Homemade for the Holidays: Beef Jerky
I know exactly what I’ll be doing this weekend, and it won’t involve a trip to the mall. Let other people—millions of other people—desperately compete for parking and the attention of department store clerks. I’ll be home keeping quiet company with my smoker, creating a gift that will be appreciated by nearly everyone on my holiday list: homemade jerky. Want to join me?
December is the month of miracles and magical thinking. And why lean meat, seasoned and dried to within an inch of its life, is so darned good is beyond me. It is one of the mysteries of the universe. We made a few batches on the set of Project Smoke, Steven’s latest show. Suddenly, everyone on the crew seemed to have a transparent excuse to pass through the kitchen tent. The draw? Steven’s Sriracha Beef Jerky.

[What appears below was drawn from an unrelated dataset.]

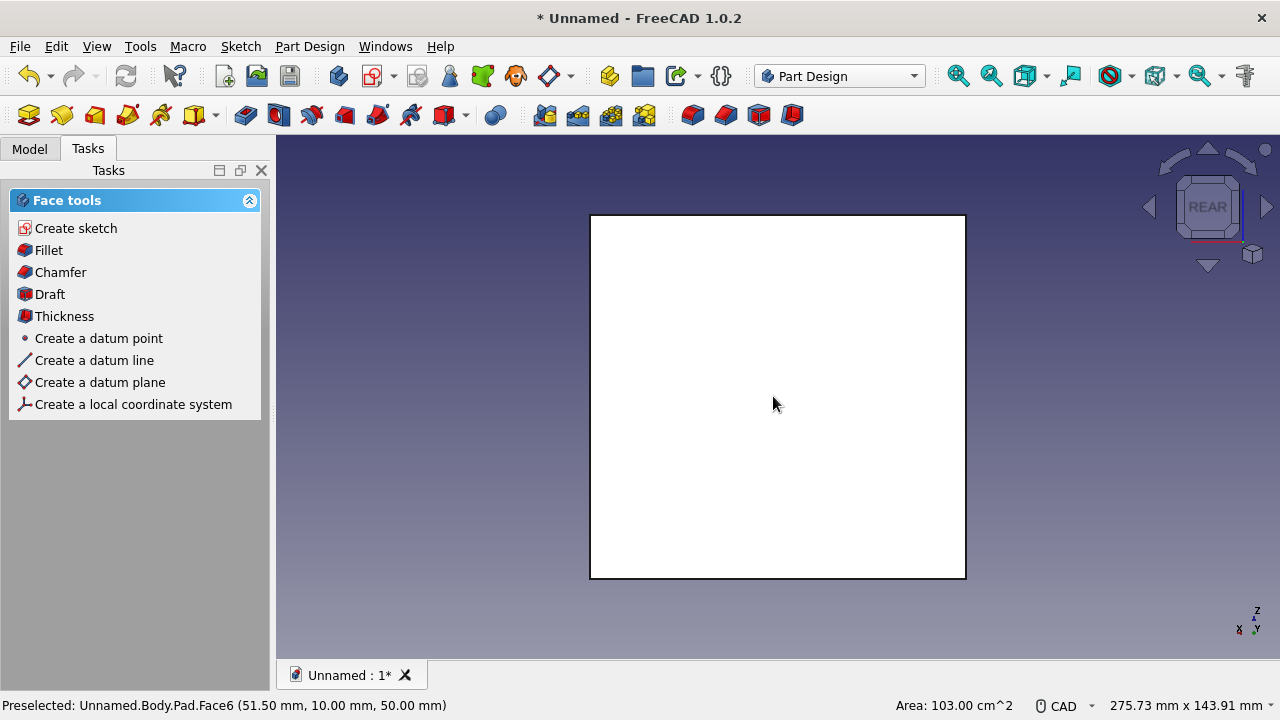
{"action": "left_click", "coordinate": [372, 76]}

Jerky (from the South American Quechua word ch’arki) is a $1.5 billion industry in the U.S. Sales are up 46 percent since 2009. No surprise, really. It’s a terrific snack—high-protein, low-carb, gluten-free, low-fat. Even our primitive Neolithic ancestors, who smoked and dried it over their fires, appreciated jerky’s portability and long shelf life. It’s still a favorite of today’s nomads and road trip takers.

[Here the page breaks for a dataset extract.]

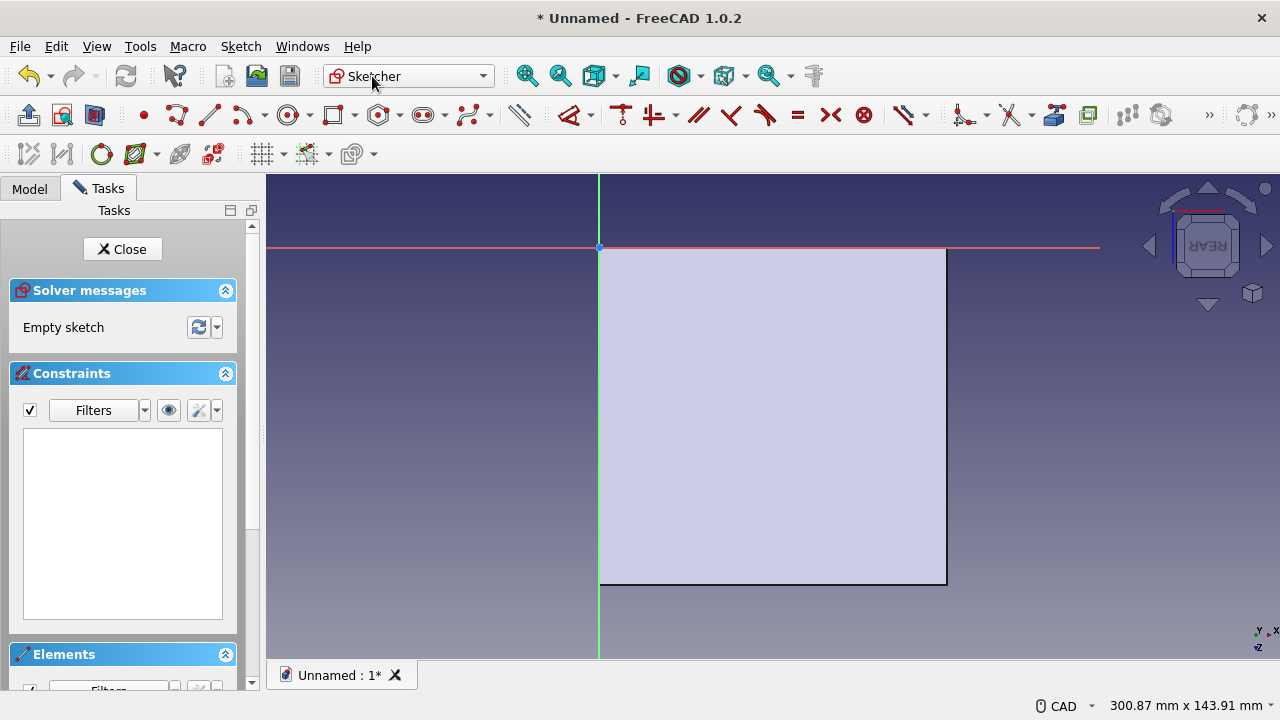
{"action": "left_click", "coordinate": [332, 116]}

You can buy jerky through high-end food purveyors or at gas stations. But homemade jerky…well, it’s out of this world. Here’s a distillation of my 25 years of experience as well as links to two of our favorite recipes.
- Use only lean cuts of meat. Fat resists drying, and will shorten the shelf life of jerky. For beef jerky, use top or bottom round, flank steak, or sirloin. Partially freeze the meat before slicing against the grain with a sharp knife. (For chewier jerky, slice with the grain.) Turkey breast, lean cuts of venison or other game meats, and even chicken breast are good candidates, too. Slice into strips that are 1/4-inch thick or less.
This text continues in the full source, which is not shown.